Another threat is application attacks via phone apps or home devices connected to the internet.

What makes your systems vulnerable?:
Weaknesses can be traced back to technical, procedural or human flaws. Among technical problems are software defects or not using adequate security protections. Procedural vulnerabilities can be caused by system configuration mistakes or if staff ignore software security updates. Nevertheless, many problems and vulnerabilities are caused by users themselves, for example, by using weak passwords or clicking on links or attachments from unknown parties.

Cybersecurity objectives:
Organisations should define their key cybersecurity objectives. Key objectives include:
• Enabling continuous access to and use of information and systems.
• Protecting information from unauthorised access and disclosure.
• Guiding against data modification or destruction.
• Guarding against the improper use, modification or destruction of systems.
To achieve these objectives, businesses need to implement security mechanisms to protect information assets, detect malicious activity and be able to respond effectively when these attacks happen. These measures could include:
• Requiring identification, such as usernames, to make sure that there is accountability.
• Authenticating this identification via passwords, fingerprints, etc.
• Only allowing particular types of access or transaction for users with verified level of authority.
• Protecting sensitive data such as credit card information, for example, through encryption.

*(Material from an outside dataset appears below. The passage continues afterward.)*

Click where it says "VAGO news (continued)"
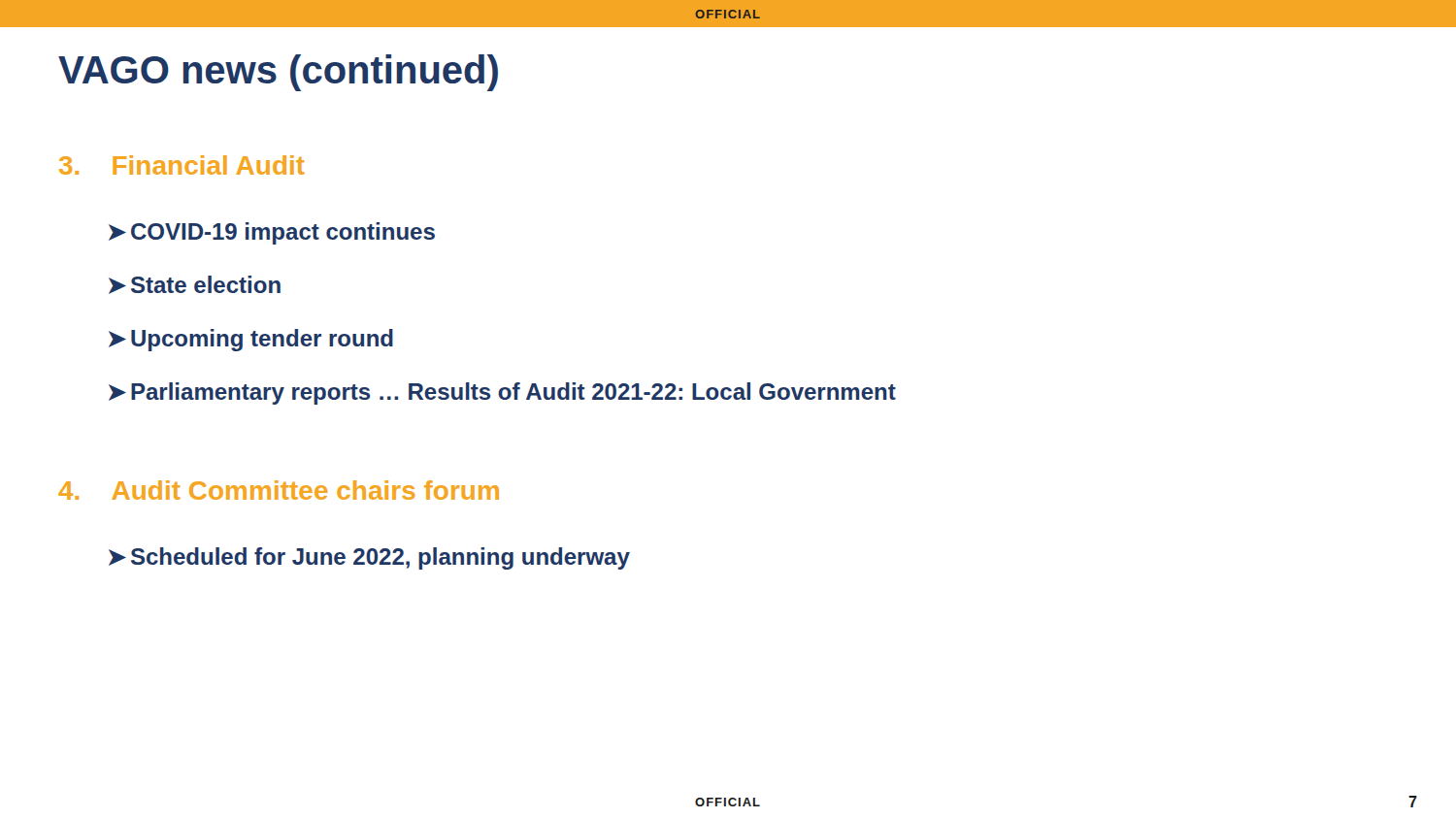click(x=279, y=70)

Responding to cyber breaches:
Centralisation is an important element of cybersecurity, especially for big firms with large numbers of computers, laptops and mobile devices. The ability to manage software updates or security protocols through a centralised management ensures better control. Centralised management is also an option for mobile devices as third-party mobile device management (MDM) products are now available. For laptops, whole disk encryption is vital as it prevents unauthorised access in case laptops are stolen or lost.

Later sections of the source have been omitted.